**Exercise aim**
Check every line of the material below, and show those that contain "degrees".

-----

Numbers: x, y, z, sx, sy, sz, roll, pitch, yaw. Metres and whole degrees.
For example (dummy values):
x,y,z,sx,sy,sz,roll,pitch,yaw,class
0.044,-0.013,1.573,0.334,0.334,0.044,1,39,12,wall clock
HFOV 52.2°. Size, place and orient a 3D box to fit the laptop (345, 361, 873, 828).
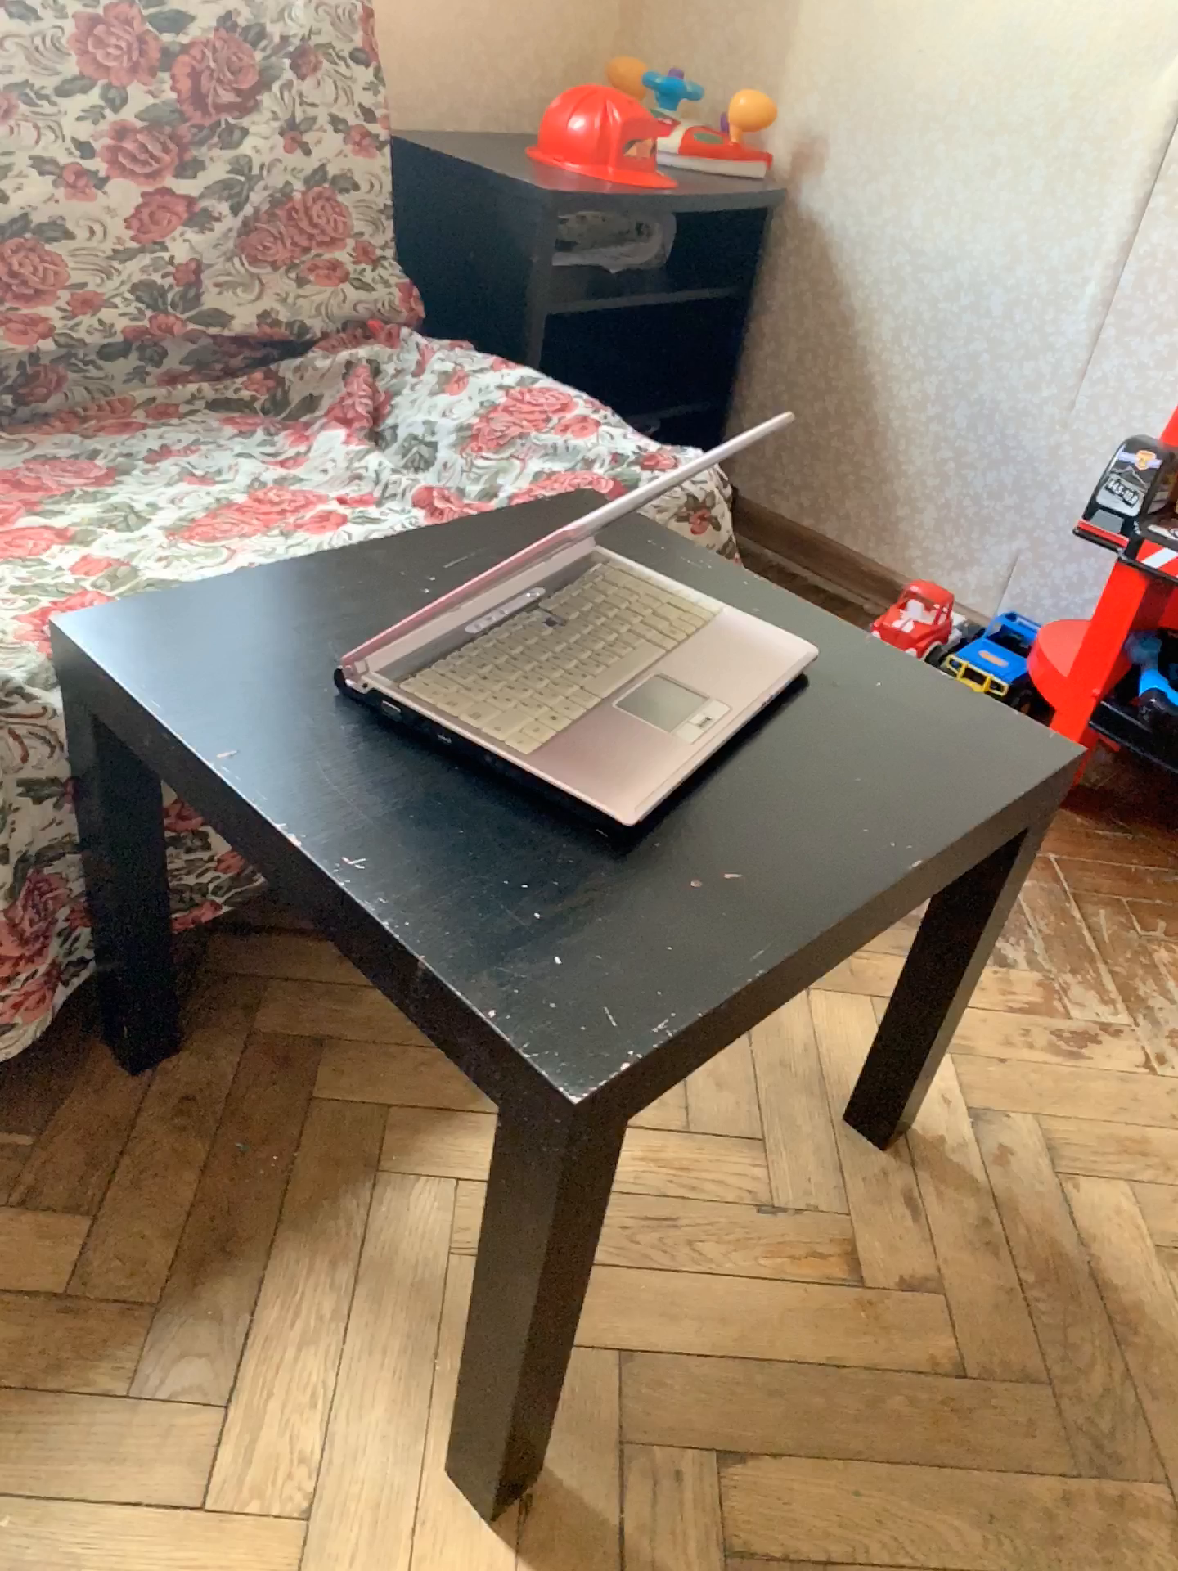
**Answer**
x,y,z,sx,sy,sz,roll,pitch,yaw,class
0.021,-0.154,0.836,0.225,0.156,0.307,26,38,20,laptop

-----

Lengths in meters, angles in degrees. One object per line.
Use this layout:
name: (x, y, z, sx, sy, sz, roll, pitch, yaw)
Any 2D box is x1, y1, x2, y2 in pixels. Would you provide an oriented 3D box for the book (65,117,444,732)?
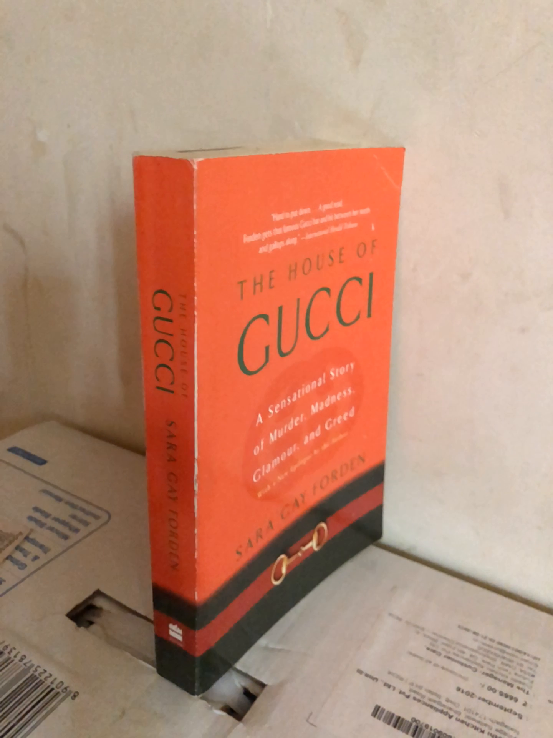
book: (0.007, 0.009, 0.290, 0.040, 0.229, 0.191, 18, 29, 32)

-----

**Answer box**
Numbers: x, y, z, sx, sy, sz, roll, pitch, yaw. Metres and whole degrees.
Lengths in meters, angles in degrees. One object per line.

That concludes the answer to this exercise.